IJMS Special Issue—Molecular Mechanisms of Diabetic Kidney Disease 2.0

Diabetic kidney disease (DKD) is a major cause of chronic renal involvement in both type 1 and type 2 diabetes mellitus (DM) and may be ascribed to a high percentage of patients referred to renal replacement therapies worldwide [1].

In their paper, Mazzier et al. [2] present an in-depth overview with regard to the main mechanisms involved in the pathogenesis and progression of DKD. They analyze the metabolic factors, oxidative stress, inflammatory pathways, fibrotic signaling, and hemodynamic mechanisms. This review summarizes the therapeutic options linked to specific molecular mechanisms of DKD, including renin–angiotensin–aldosterone system blockers, SGLT2 inhibitors, mineralocorticoid receptor antagonists, glucagon-like peptide-1 receptor agonists, endothelin receptor antagonists, and aldosterone synthase inhibitors. The therapeutic approach to DKD emphasizes the importance of all new classes of drugs in the clinical practice, which establish the main pillars of a personalized therapy for patients with DKD.
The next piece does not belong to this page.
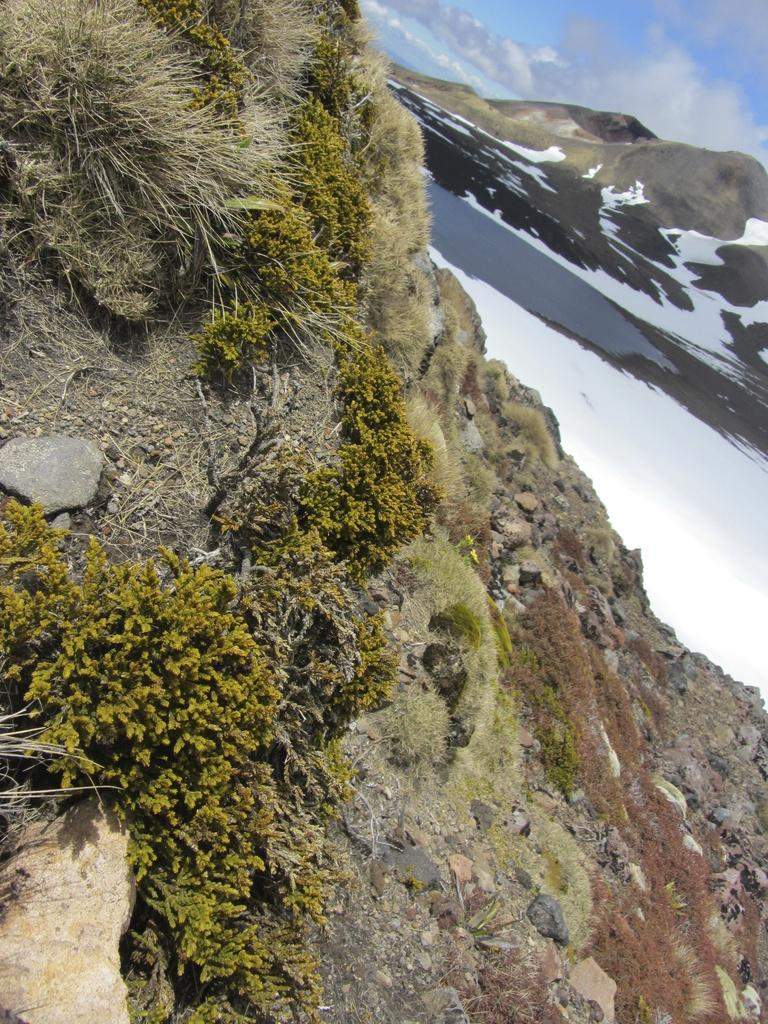What type of natural formation can be seen in the image? There are mountains in the image. What part of the natural environment is visible in the image? The sky is visible on the right side top of the image. How many trees are visible on the mountain in the image? There is no mention of trees on the mountain in the image. What type of shoe can be seen on the mountain in the image? There is no shoe present in the image.

Autophagy and mitophagy are critical cellular processes that maintain homeostasis by removing damaged organelles and promoting cellular survival under stress conditions. In the context of diabetic kidney disease, these mechanisms play essential roles in mitigating cellular damage. The review by Stanigut et al. [3] provides an in-depth analysis of the recent literature on the relationship between autophagy, mitophagy, and diabetic kidney disease, highlighting the current state of knowledge, existing research gaps, and potential areas for future investigations.

The roles of the PINK1/Parkin pathway of mitophagy and the mitophagy receptor pathway and the key theories on autophagy and mitophagy in kidney disease are presented.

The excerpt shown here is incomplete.